The Nebraska Supreme Court issued an opinion in *Perkins v. RMR Building Group* on January 23, 2026, providing important clarification on corporate veil piercing standards and appellate review procedures in equity cases. The case, designated as No. S-23-947, involved Perkins, L.L.C., a Nebraska limited liability company, and other appellants against RMR Building Group, LLC, and Robert M. Ryan II.
The court's opinion establishes several key legal principles that will guide future corporate liability disputes in Nebraska. Most significantly, the court held that piercing the corporate veil is an equitable remedy, not an action in itself. This distinction is crucial for practitioners and businesses because it clarifies that veil piercing cannot stand alone as a cause of action but must be pursued as a remedy in connection with an underlying claim.
The ruling addresses the fundamental principle that limited liability companies maintain their identity as separate legal entities, which provides protection for their owners from personal liability for the company's debts and obligations. This corporate form protection is a cornerstone of business law that encourages entrepreneurship and investment by limiting personal risk.
In addition to the veil piercing clarification, the Nebraska Supreme Court established important procedural standards for appellate review in equity cases. The court held that in an appeal of an equity action, an appellate court tries factual questions de novo on the record and reaches a conclusion independent of the findings of the trial court. However, the court noted an important exception: where credible evidence conflicts on a material issue of fact, the appellate court may consider and give weight to the fact that the trial judge heard and observed the witnesses and accepted one version of the facts rather than another.
This appellate standard differs significantly from the review standard applied in law actions tried to a bench. In such cases, the trial court's factual findings carry the weight of a jury verdict, and an appellate court will not disturb those findings unless they are clearly erroneous. The distinction between equity and law actions thus carries important procedural consequences for parties considering appeals.
The court also reaffirmed established principles regarding appellate review of legal questions. When an appeal involves statutory interpretation or presents questions of law, an appellate court must reach an independent, correct conclusion regardless of the determination made by the lower court. This de novo standard of review ensures consistency in legal interpretation across the state's court system.
The *Perkins* decision comes at a time when corporate liability issues are increasingly relevant to Nebraska businesses. Limited liability companies have become the preferred business structure for many enterprises due to their operational flexibility and liability protection features. The court's clarification that LLC identity as a separate legal entity will generally be preserved reinforces the reliability of this business form.

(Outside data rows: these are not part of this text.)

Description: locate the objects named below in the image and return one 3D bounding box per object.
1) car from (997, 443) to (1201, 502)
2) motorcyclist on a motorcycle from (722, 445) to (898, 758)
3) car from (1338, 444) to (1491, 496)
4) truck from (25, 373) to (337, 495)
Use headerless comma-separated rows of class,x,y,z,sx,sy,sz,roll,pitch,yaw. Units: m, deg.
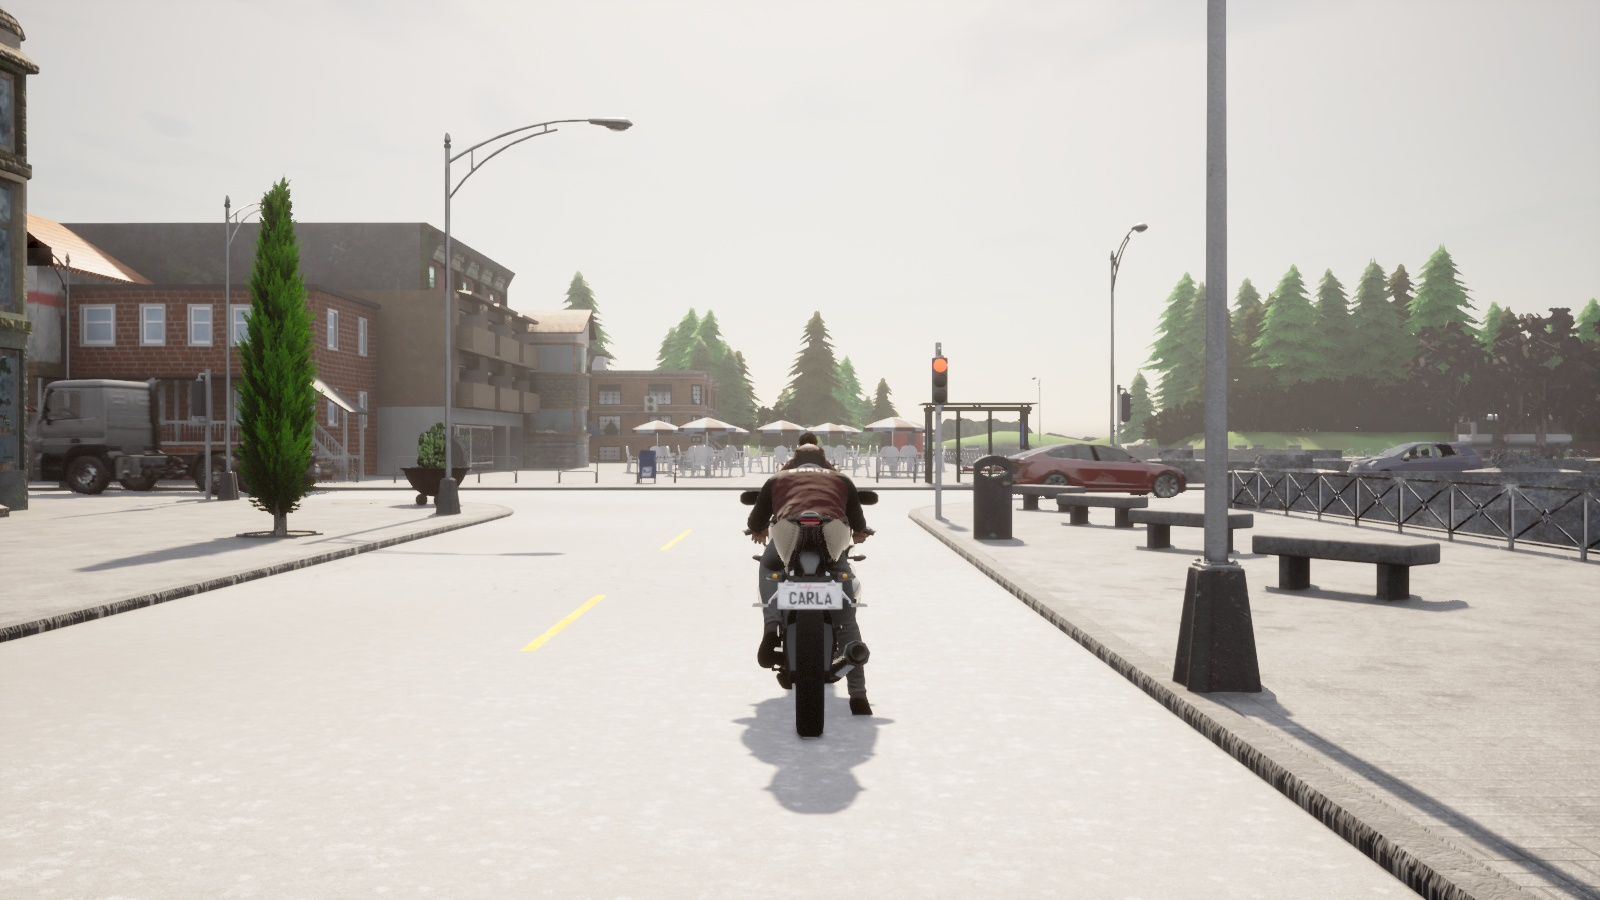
car,7.871,0.565,33.276,4.792,1.488,2.163,0,0,-8
motorcyclist on a motorcycle,0.054,0.740,7.268,0.866,1.530,2.191,0,0,0
car,18.137,0.565,37.195,3.633,1.501,1.845,0,0,0
truck,-18.278,-0.461,37.380,7.936,3.462,2.891,0,0,4
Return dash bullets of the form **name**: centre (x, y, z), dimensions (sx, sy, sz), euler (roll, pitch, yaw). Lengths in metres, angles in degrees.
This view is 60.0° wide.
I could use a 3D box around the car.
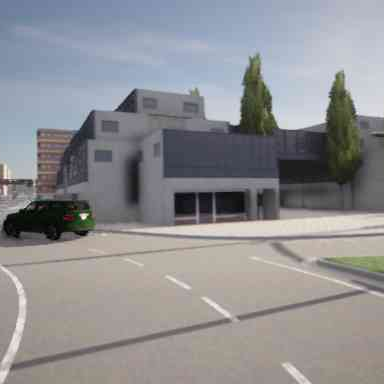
- **car**: centre (-7.817, 1.447, 18.198), dimensions (5.566, 2.045, 2.150), euler (-1, 0, 29)
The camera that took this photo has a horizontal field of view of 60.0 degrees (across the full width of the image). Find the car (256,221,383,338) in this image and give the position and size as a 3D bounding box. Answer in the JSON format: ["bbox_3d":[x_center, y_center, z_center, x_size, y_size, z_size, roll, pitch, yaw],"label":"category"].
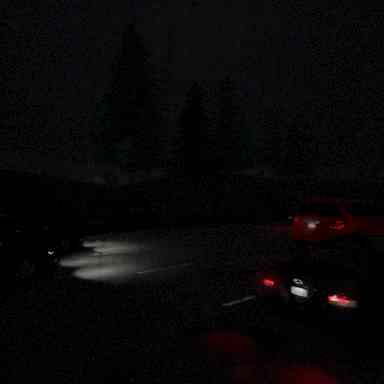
[{"bbox_3d":[3.593,1.573,6.653,5.357,1.411,2.033,0,0,-39],"label":"car"}]

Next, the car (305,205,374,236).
[{"bbox_3d":[8.853,1.602,19.818,4.674,1.442,1.812,0,0,-38],"label":"car"}]

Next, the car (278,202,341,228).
[{"bbox_3d":[8.576,1.576,24.068,5.008,1.535,1.882,0,0,-39],"label":"car"}]

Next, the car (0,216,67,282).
[{"bbox_3d":[-5.986,1.561,8.367,4.892,1.490,1.837,0,0,-35],"label":"car"}]

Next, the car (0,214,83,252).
[{"bbox_3d":[-6.556,1.583,12.233,4.892,1.490,1.837,0,0,-36],"label":"car"}]

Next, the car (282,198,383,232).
[{"bbox_3d":[6.295,1.273,13.313,5.566,2.045,2.150,0,0,-38],"label":"car"}]

While the full details of the underlying dispute between Perkins, L.L.C. and RMR Building Group are not detailed in the available portions of the opinion, the case appears to involve construction industry participants. Such disputes often involve complex contractual relationships and questions about when individual liability should extend beyond corporate boundaries.
The timing of this decision is notable, coming early in 2026 and representing one of the first major corporate law pronouncements from Nebraska's highest court this year. The opinion builds on established Nebraska precedent while providing clearer guidance for trial courts handling similar disputes.
For practicing attorneys, the decision provides important guidance on how to structure pleadings involving corporate veil piercing claims. Since veil piercing is characterized as a remedy rather than a standalone action, practitioners must ensure they have adequate underlying causes of action to support their veil piercing theories.
The appellate standards clarified in *Perkins* will also influence how attorneys approach trial strategy and appellate advocacy. In equity cases, the de novo review standard means that appellate courts will give fresh consideration to factual questions, though they may still defer to trial court credibility assessments when evidence conflicts.
Looking ahead, the *Perkins* decision will likely be cited frequently in corporate liability disputes throughout Nebraska. The clear articulation of veil piercing as an equitable remedy should help streamline litigation by eliminating confusion about the nature of such claims. Similarly, the appellate review standards will provide predictability for parties considering whether to appeal adverse trial court decisions in equity cases.
The decision reinforces Nebraska's commitment to maintaining strong protections for limited liability business entities while ensuring that courts retain the equitable power to address cases where those protections may be abused. This balance is essential for maintaining a business-friendly legal environment while preventing fraud and ensuring that legitimate creditors have adequate remedies when corporate forms are misused.